Whatever the case, I know it’s no fault of the quality of the film, because Insomnia is a certified serial killer classic that adds several unique layers to the detective/killer dynamic. One way to create an extreme sense of unease with a movie villain is to cast someone you’d never expect in the role, which is exactly what Nolan did by casting the hilarious and sweet Robin Williams as a manipulative child murderer. He capped that off by casting Al Pacino as the embattled detective hunting him down.

This dynamic was fascinating as Williams was creepy and clever in the role. He was subdued in a way that was never boring but believable. On the other side of it, Al Pacino felt as if he’d walked straight off the set of 1995’s Heat and onto this one. A broken and imperfect man trying to stop a far worse one.

Aside from the stellar acting, Insomnia stands out because of its unique setting and plot. Both working against the detective. The investigation is taking place in a part of Alaska where the sun never goes down. This creates a beautiful, nightmare atmosphere where by the end of it, Pacino’s character is like a Freddy Krueger victim in the leadup to their eventual, exhausted death as he runs around town trying to catch a serial killer while dealing with the debilitating effects of insomnia. Meanwhile, he’s under an internal affairs investigation for planting evidence to catch another child killer and accidentally shoots his partner who he just found out is about to testify against him. The kicker here is that the killer knows what happened that fateful day and is using it to blackmail Pacino’s character into letting him get away with his own crimes.

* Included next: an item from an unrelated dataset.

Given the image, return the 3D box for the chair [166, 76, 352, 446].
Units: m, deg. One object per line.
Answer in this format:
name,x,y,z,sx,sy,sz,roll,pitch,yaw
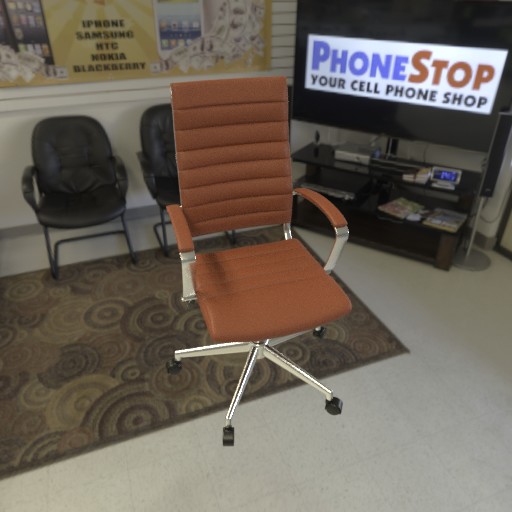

If this is the kind of “what would you do?” intrigue we get with the story from Longlegs? We’ll be in for a treat. Hoo-ah.


FALLEN (1998)

Longlegs serial killer fallen

Fallen may not be nearly as obscure as Memories of Murder or Cure. Hell, it boasts an all-star cast of Denzel Washington, John Goodman, Donald Sutherland, James Gandolfini, and Elias Koteas. But when you bring it up around anyone who has seen it, their ears perk up, and the word “underrated” usually follows. And when it comes to the occult tie-ins that Longlegs will allegedly have? Fallen may be the most appropriate film on this entire list.

In the movie, Detective Hobbs (Washington) catches vicious serial killer Edgar Reese (Koteas) who seems to place some sort of curse on him during Hobbs’ victory lap. After Reese is put to death via electric chair, dead bodies start popping up all over town with his M.O., eventually pointing towards Hobbs as the culprit. After all, Reese is dead. As Hobbs investigates he realizes that a fallen angel named Azazel is possessing human body after human body and using them to commit occult murders. It has its eyes fixated on him, his co-workers, and family members; wrecking their lives or flat-out murdering them one by one until the whole world is damned.

Mixing a demonic entity into a detective/serial killer story is fascinating because it puts our detective in the unsettling position of being the one who is hunted. How the hell do you stop a demon who can inhabit anyone they want with a mere touch?!

Fallen is a great mix of detective story and supernatural horror tale. Not only are we treated to Denzel Washington as the lead in a grim noir (complete with narration) as he uncovers this occult storyline, but we’re left with a pretty great “what would you do?” situation in a movie that isn’t afraid to take the story to some dark places. Especially when it comes to the way the film ends. It’s a great horror thriller in the same vein as Frailty but with a little more detective work mixed in.


Look for Longlegs in theaters on July 12, 2024.